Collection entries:
----------------------------------------
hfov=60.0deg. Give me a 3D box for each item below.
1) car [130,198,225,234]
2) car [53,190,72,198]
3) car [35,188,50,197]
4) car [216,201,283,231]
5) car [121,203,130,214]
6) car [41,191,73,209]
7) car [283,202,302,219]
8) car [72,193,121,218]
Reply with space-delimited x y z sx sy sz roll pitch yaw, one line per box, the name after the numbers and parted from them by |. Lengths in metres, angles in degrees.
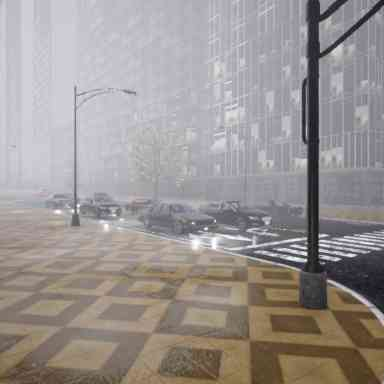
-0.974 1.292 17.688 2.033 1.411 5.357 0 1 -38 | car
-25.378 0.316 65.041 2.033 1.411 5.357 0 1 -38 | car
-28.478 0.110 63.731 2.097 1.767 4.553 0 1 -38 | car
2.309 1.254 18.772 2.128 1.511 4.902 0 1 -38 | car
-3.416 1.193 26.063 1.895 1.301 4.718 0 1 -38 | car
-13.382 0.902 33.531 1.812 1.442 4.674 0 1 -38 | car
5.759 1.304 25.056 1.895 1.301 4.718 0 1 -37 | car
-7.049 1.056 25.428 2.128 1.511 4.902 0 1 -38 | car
----------------------------------------
* Instructions to follow
Reproduce exactly, please, only the lines from the start of the data above to the line that contains "8) car [72,193,121,218]", with both ends kept.

* Solution to this problem
hfov=60.0deg. Give me a 3D box for each item below.
1) car [130,198,225,234]
2) car [53,190,72,198]
3) car [35,188,50,197]
4) car [216,201,283,231]
5) car [121,203,130,214]
6) car [41,191,73,209]
7) car [283,202,302,219]
8) car [72,193,121,218]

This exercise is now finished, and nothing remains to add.